I love crispy fried noodles and before I was diagnosed with coeliac disease (and a few other dietary requirements to boot) I used to love fried noodle dishes at Thai or Chinese restaurants. This is my own version and is still super tasty.
The veg I’m using in this is a first for me and inspired by the miniature aubergines I found in my local supermarket. I chopped the miniature aubergines (so tiny and cute), a courgette and some green veggies. I used broccoli, green beans and asparagus as I love crunchy seasonal veg and like to get as many into one meal as possible.
Warm a teaspoon of sesame oil in a wok or frying pan and when warm add the veg directly. Whilst the veg is stir frying I soak rice noodle nests in boiling water. This gives the noodles a more al dente crunch which is perfect for this dish.

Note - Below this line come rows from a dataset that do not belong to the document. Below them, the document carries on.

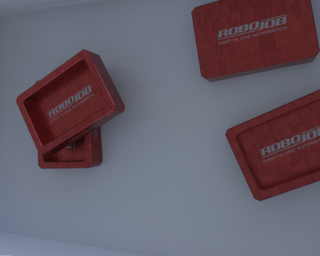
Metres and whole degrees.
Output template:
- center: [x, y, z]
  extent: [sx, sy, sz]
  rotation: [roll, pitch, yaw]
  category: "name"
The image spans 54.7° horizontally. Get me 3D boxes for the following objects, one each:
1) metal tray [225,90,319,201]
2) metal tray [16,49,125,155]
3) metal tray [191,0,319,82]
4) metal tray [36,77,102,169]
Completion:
- center: [0.153, 0.018, 0.353]
  extent: [0.130, 0.030, 0.090]
  rotation: [-25, 82, 17]
  category: "metal tray"
- center: [-0.122, -0.032, 0.416]
  extent: [0.130, 0.030, 0.090]
  rotation: [-30, 81, 17]
  category: "metal tray"
- center: [0.110, -0.112, 0.369]
  extent: [0.130, 0.030, 0.089]
  rotation: [-9, 87, 19]
  category: "metal tray"
- center: [-0.134, -0.007, 0.453]
  extent: [0.090, 0.030, 0.129]
  rotation: [-3, 89, 19]
  category: "metal tray"
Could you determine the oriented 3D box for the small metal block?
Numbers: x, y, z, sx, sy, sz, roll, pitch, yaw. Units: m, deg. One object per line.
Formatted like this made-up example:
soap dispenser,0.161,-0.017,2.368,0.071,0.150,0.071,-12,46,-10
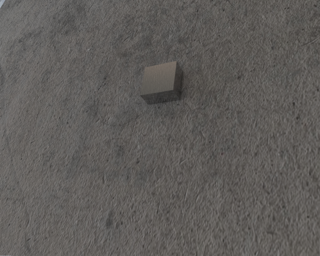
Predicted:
small metal block,0.003,-0.064,0.442,0.050,0.025,0.050,-7,59,25
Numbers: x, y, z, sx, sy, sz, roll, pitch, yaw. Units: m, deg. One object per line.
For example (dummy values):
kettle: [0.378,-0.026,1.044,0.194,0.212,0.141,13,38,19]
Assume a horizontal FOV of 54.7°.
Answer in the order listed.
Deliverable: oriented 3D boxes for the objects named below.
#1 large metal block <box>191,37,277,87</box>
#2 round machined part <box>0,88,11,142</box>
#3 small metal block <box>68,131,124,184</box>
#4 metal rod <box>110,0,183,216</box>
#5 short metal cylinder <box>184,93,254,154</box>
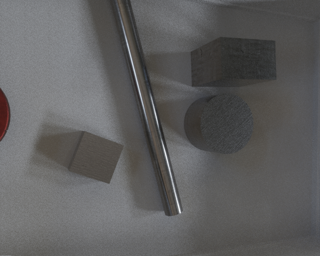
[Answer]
large metal block: [0.096,-0.085,0.418,0.081,0.080,0.050,-3,91,-20]
round machined part: [-0.211,-0.014,0.324,0.099,0.042,0.097,0,90,-21]
small metal block: [-0.079,0.036,0.382,0.050,0.025,0.050,22,82,-19]
metal rod: [-0.017,-0.030,0.404,0.025,0.025,0.298,-16,96,-20]
short metal cylinder: [0.080,-0.006,0.428,0.081,0.050,0.079,0,90,-21]
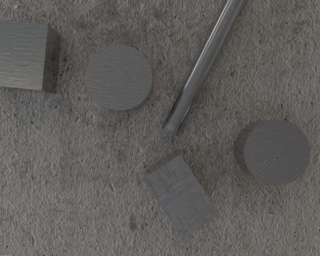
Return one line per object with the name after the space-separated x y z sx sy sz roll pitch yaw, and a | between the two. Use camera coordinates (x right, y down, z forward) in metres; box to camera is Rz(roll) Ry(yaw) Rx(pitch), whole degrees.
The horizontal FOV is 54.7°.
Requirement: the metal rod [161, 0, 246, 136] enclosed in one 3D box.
0.080 -0.128 0.410 0.025 0.025 0.299 27 90 0 | metal rod

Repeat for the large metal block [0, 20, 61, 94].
-0.178 -0.089 0.396 0.080 0.050 0.080 5 90 0 | large metal block

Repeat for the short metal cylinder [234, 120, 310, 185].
0.142 0.030 0.399 0.081 0.050 0.080 0 90 0 | short metal cylinder

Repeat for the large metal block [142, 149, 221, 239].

Once the veg is looking well stir fried drain the noodles and add the wok. Make sure the heat is high and then drizzle a little more sesame oil in. The noodles will start to brown and crisp. I use simple flavouring in this dish with a sprinkle of tamari. The Clearspring or Kikkoman gluten free brands are great and easy to get hold of.
After a few minutes the lovely stir fried noodles and veggies will be all ready. I’ve toppes with some chopped spring onions and toasted sesame seeds just before serving. It’s made an amazing Friday night dinner. Mmmm.